___ DATASET EXCERPTS ___
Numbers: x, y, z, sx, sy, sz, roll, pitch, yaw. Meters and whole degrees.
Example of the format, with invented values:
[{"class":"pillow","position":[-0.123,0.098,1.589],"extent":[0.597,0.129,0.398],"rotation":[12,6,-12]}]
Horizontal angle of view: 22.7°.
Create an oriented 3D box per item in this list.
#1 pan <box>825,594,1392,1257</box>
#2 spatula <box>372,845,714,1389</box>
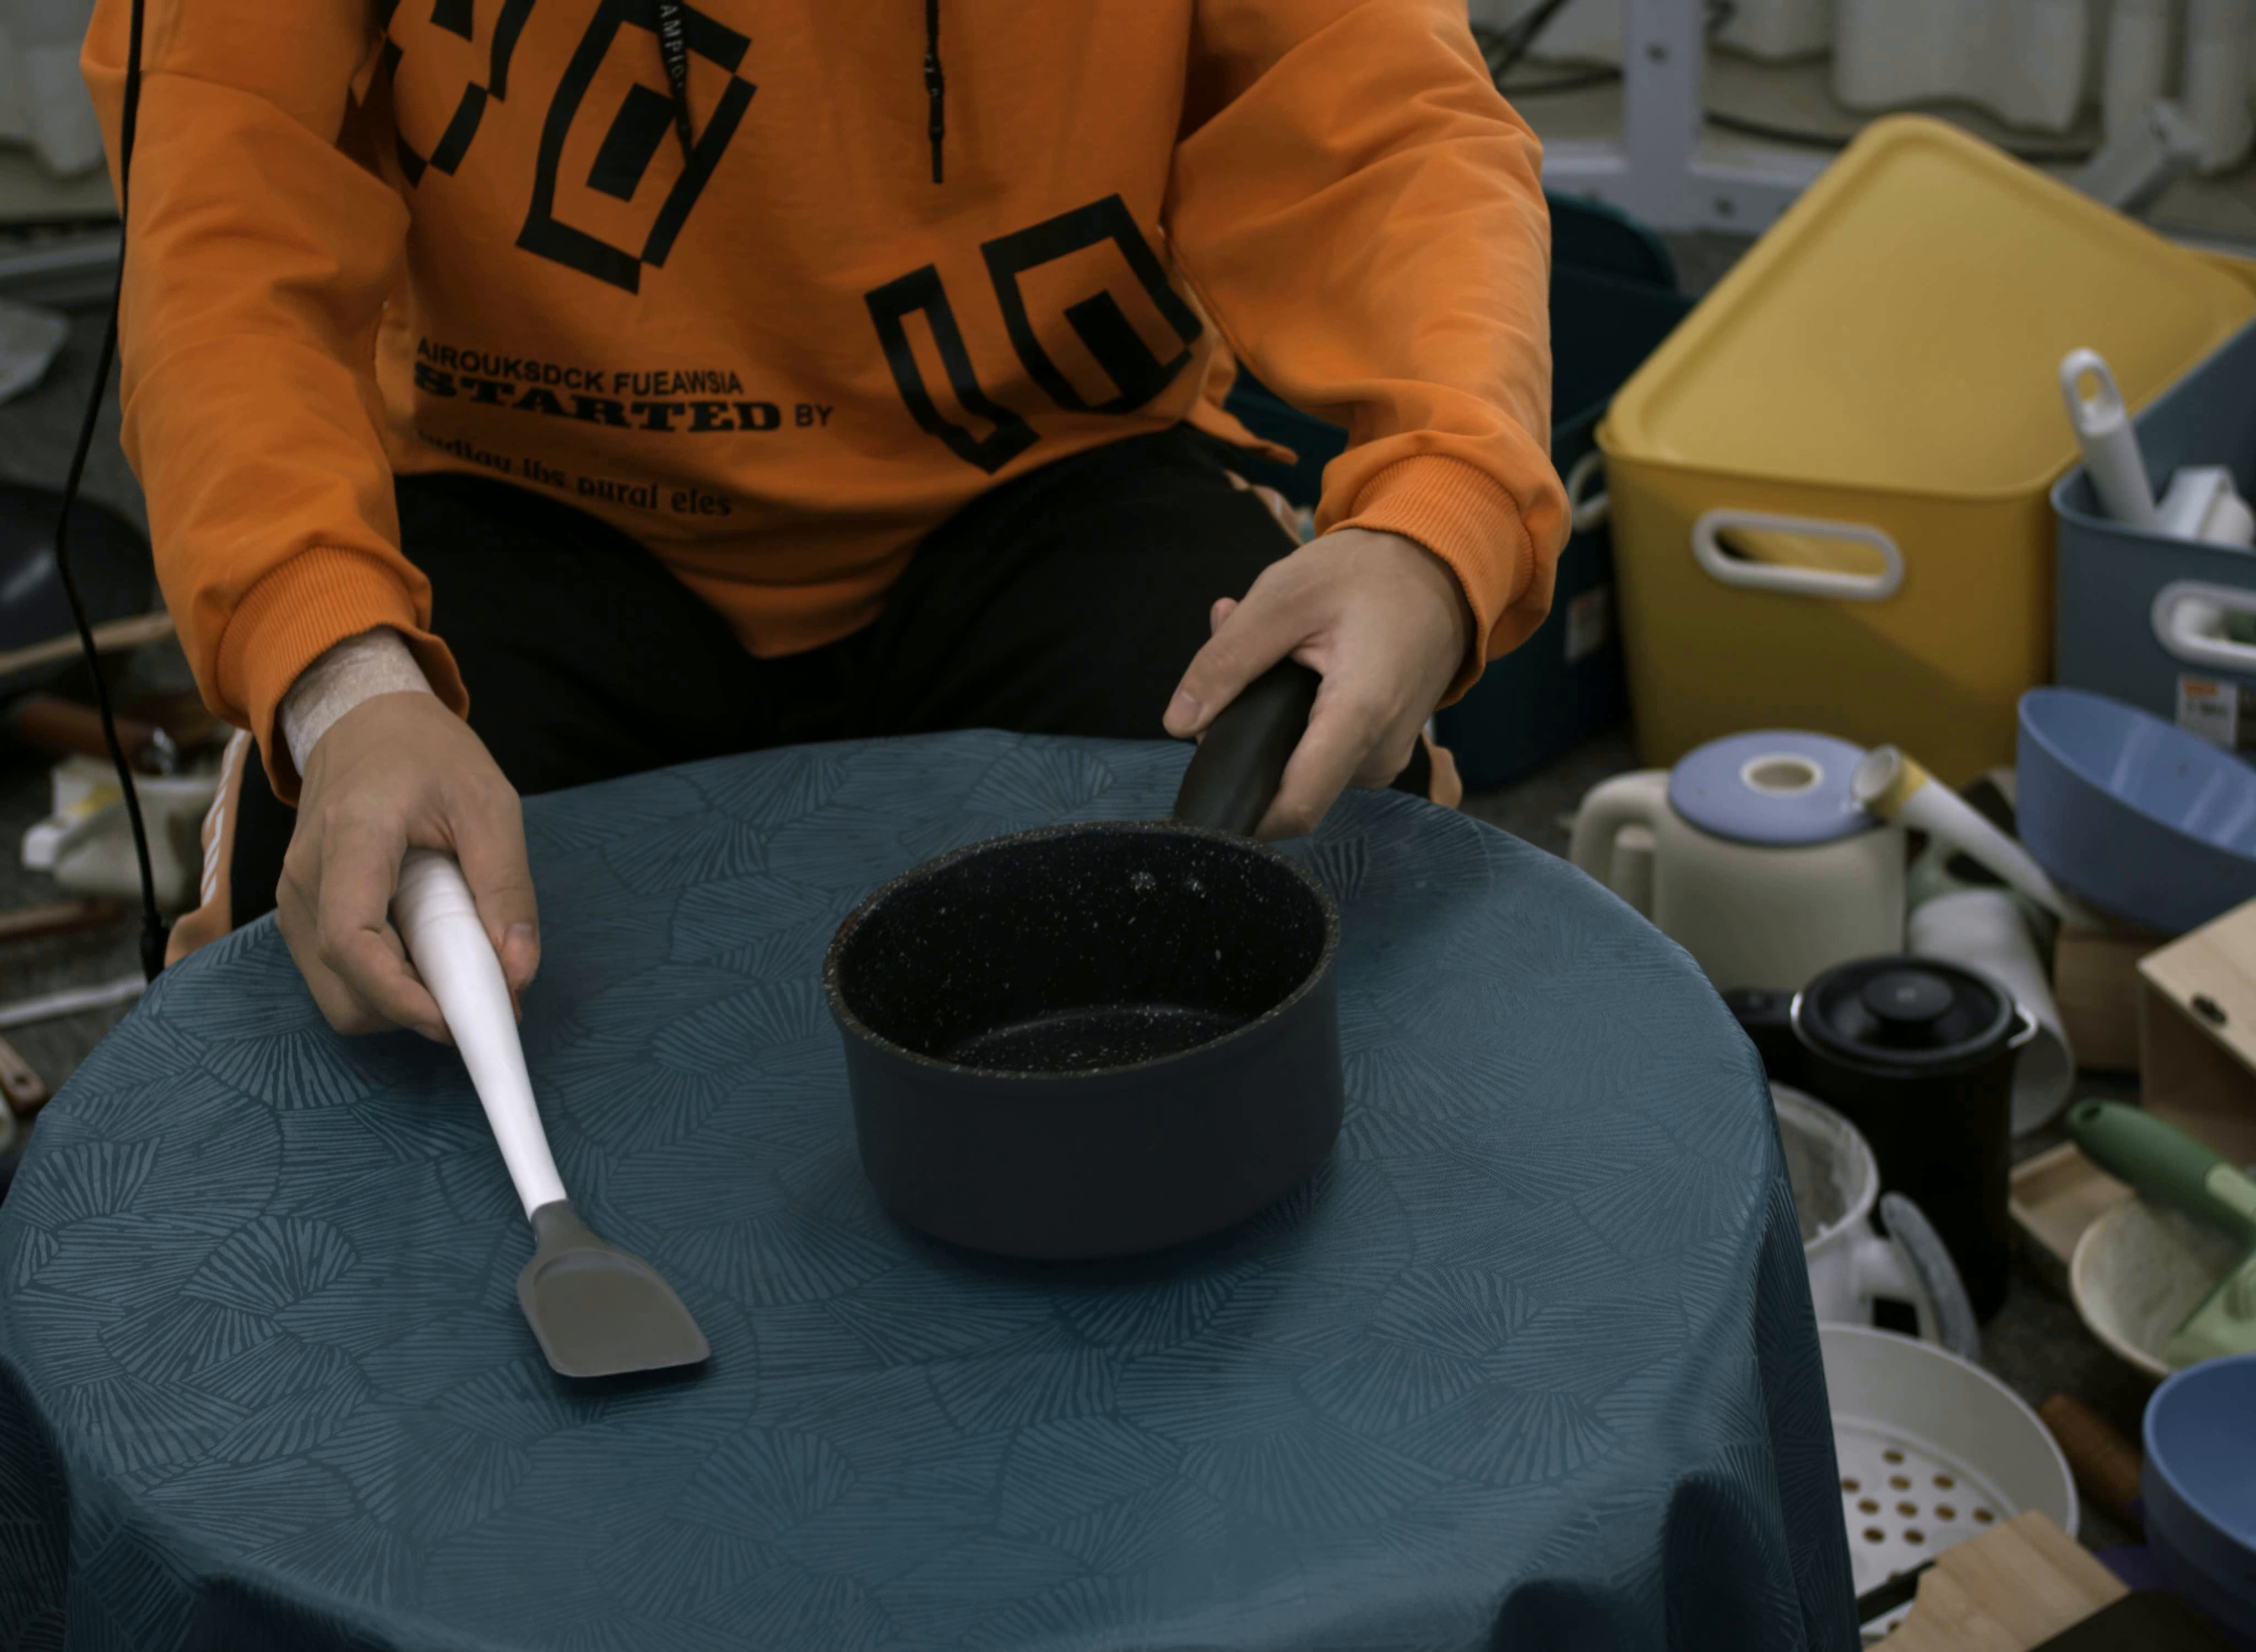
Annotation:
[{"class":"pan","position":[0.019,0.030,1.919],"extent":[0.171,0.085,0.334],"rotation":[7,31,22]},{"class":"spatula","position":[-0.202,0.100,1.873],"extent":[0.059,0.032,0.291],"rotation":[-2,34,-23]}]
___
• [ASSIGNED TASK]:
Please give all of the data again, exact and free of pictures.

• [OUTPUT FOR THIS EXERCISE]:
Numbers: x, y, z, sx, sy, sz, roll, pitch, yaw. Meters and whole degrees.
Example of the format, with invented values:
[{"class":"pillow","position":[-0.123,0.098,1.589],"extent":[0.597,0.129,0.398],"rotation":[12,6,-12]}]
Horizontal angle of view: 22.7°.
Create an oriented 3D box per item in this list.
#1 pan <box>825,594,1392,1257</box>
#2 spatula <box>372,845,714,1389</box>
Annotation:
[{"class":"pan","position":[0.019,0.030,1.919],"extent":[0.171,0.085,0.334],"rotation":[7,31,22]},{"class":"spatula","position":[-0.202,0.100,1.873],"extent":[0.059,0.032,0.291],"rotation":[-2,34,-23]}]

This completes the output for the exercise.